__WHAT IS EXPECTED__
Transcribe all the entries word for word, skipping the pictures.

===== RECORD SET

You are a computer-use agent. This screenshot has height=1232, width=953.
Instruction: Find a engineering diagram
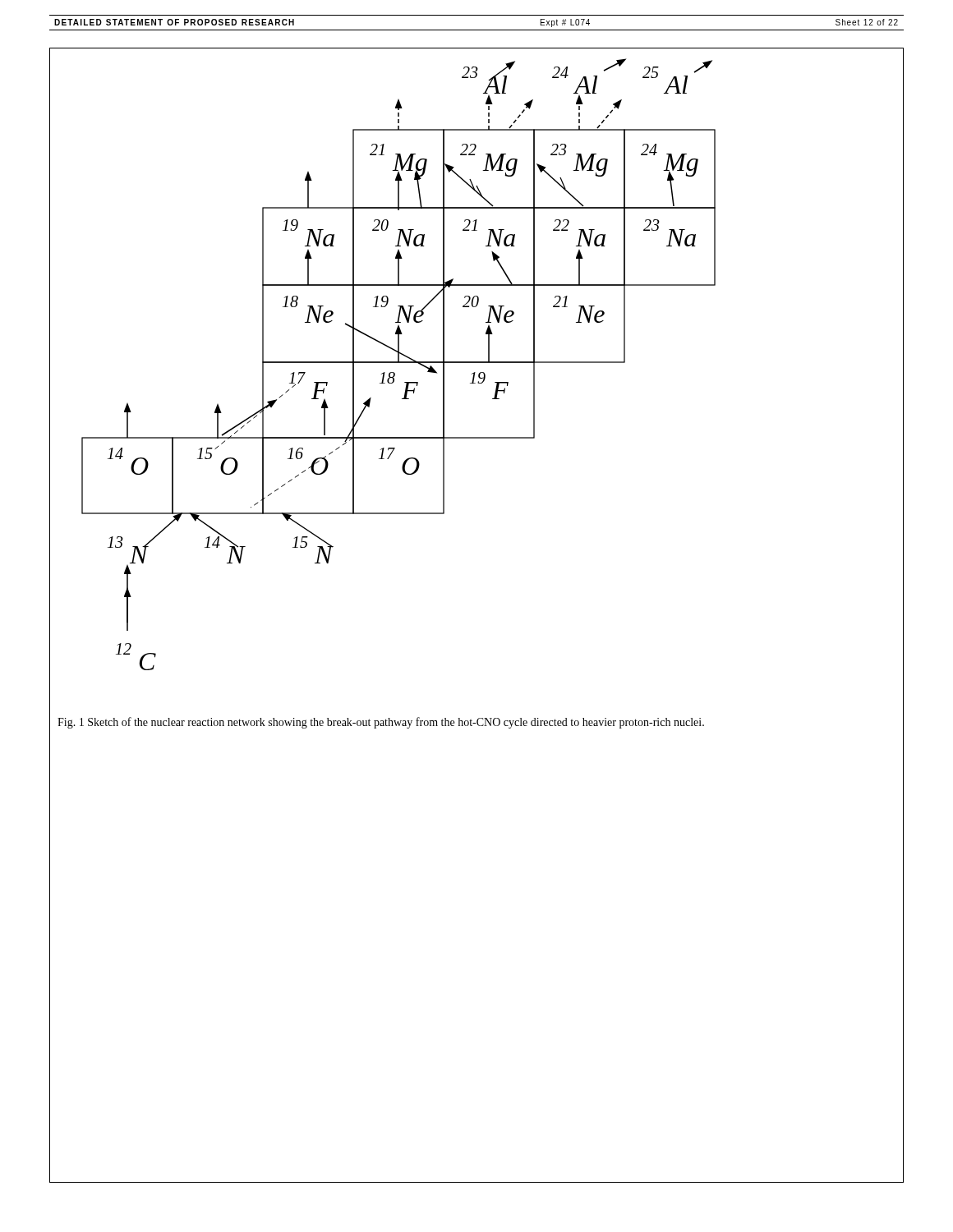pyautogui.click(x=474, y=380)
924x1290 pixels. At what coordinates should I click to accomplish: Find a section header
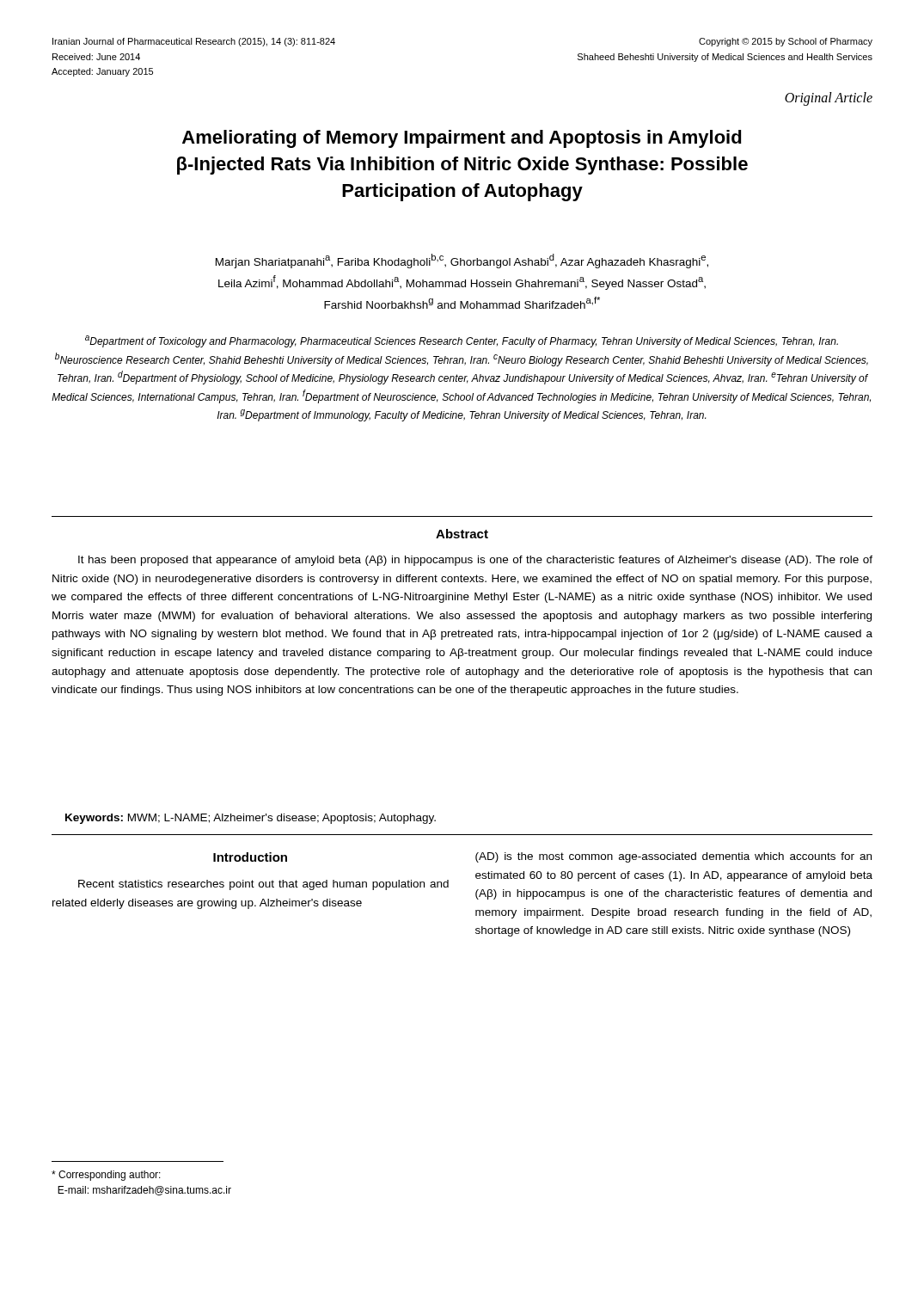462,534
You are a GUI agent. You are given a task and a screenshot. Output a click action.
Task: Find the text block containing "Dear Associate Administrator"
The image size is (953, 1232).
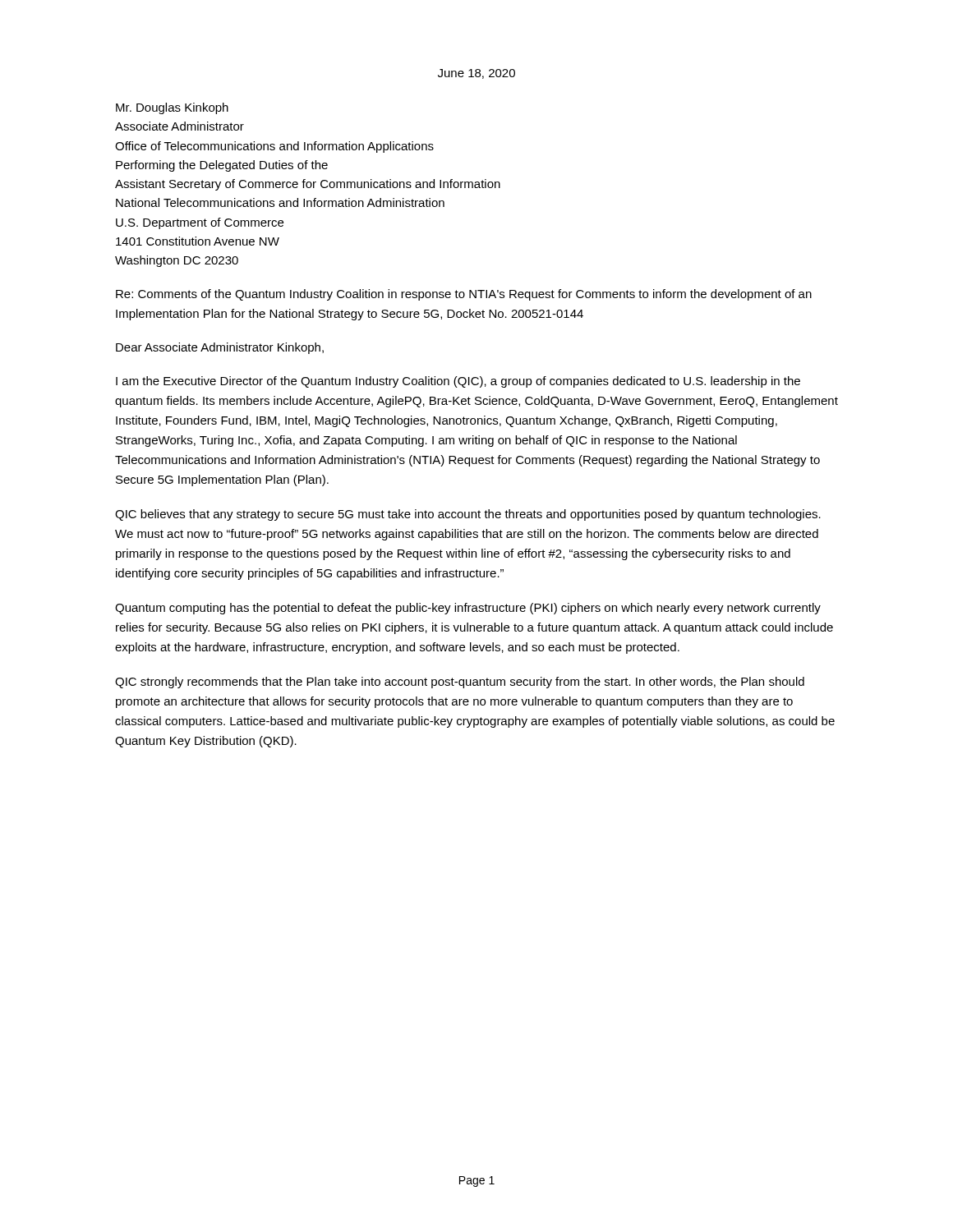(x=220, y=347)
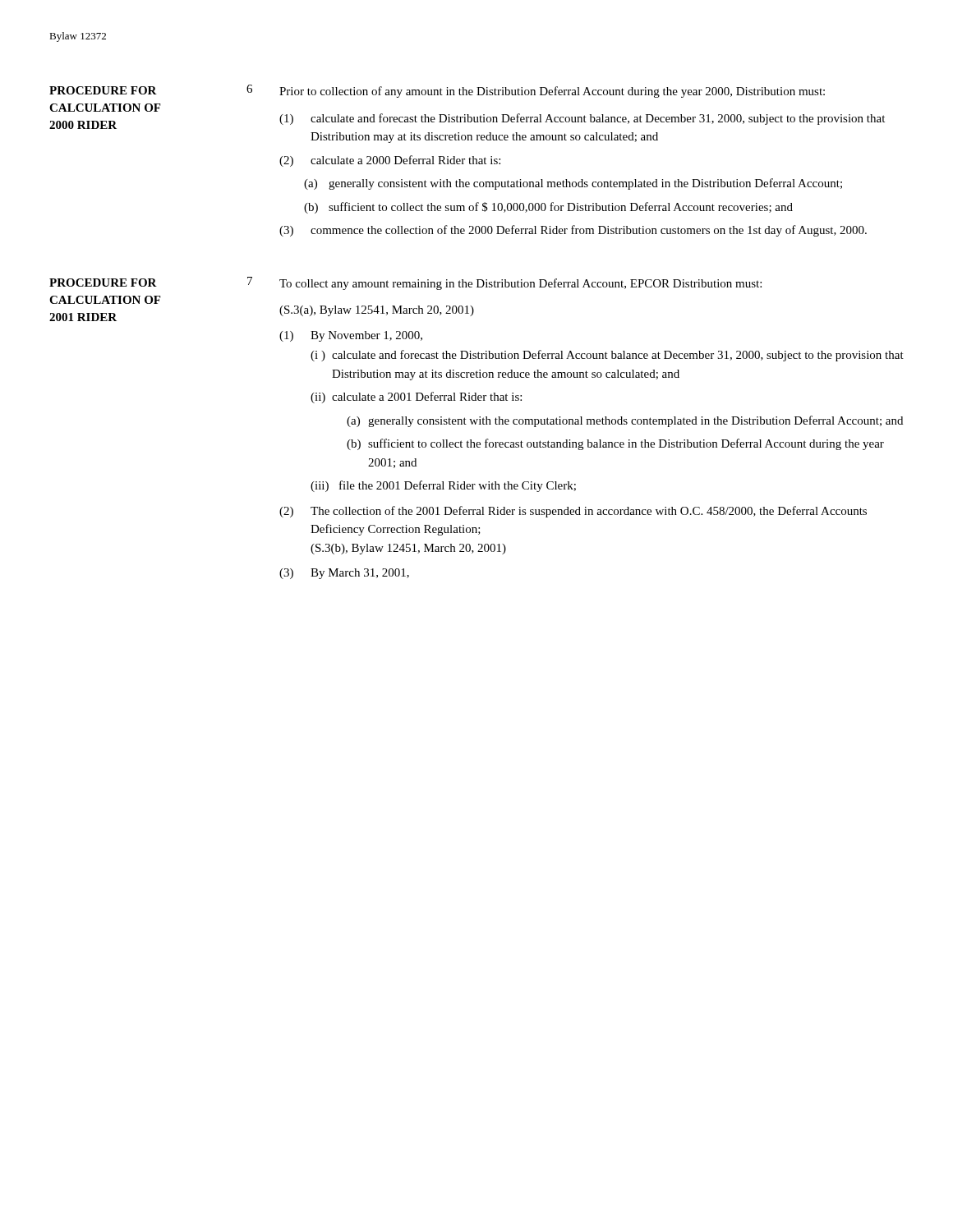This screenshot has height=1232, width=953.
Task: Locate the passage starting "(a) generally consistent with the computational methods contemplated"
Action: coord(604,183)

==========

__COMPLETED EXERCISE__
You are a computer-use agent. This screenshot has height=1232, width=953.
Instruction: Find a engineering diagram
pyautogui.click(x=474, y=380)
924x1290 pixels. At what coordinates should I click to accomplish: Find a section header
462,534
You are a GUI agent. You are given a task and a screenshot. Output a click action.
Task: Find the text block containing "Dear Associate Administrator"
The image size is (953, 1232).
(x=220, y=347)
This screenshot has height=1232, width=953.
Task: Locate the passage starting "(a) generally consistent with the computational methods contemplated"
Action: coord(604,183)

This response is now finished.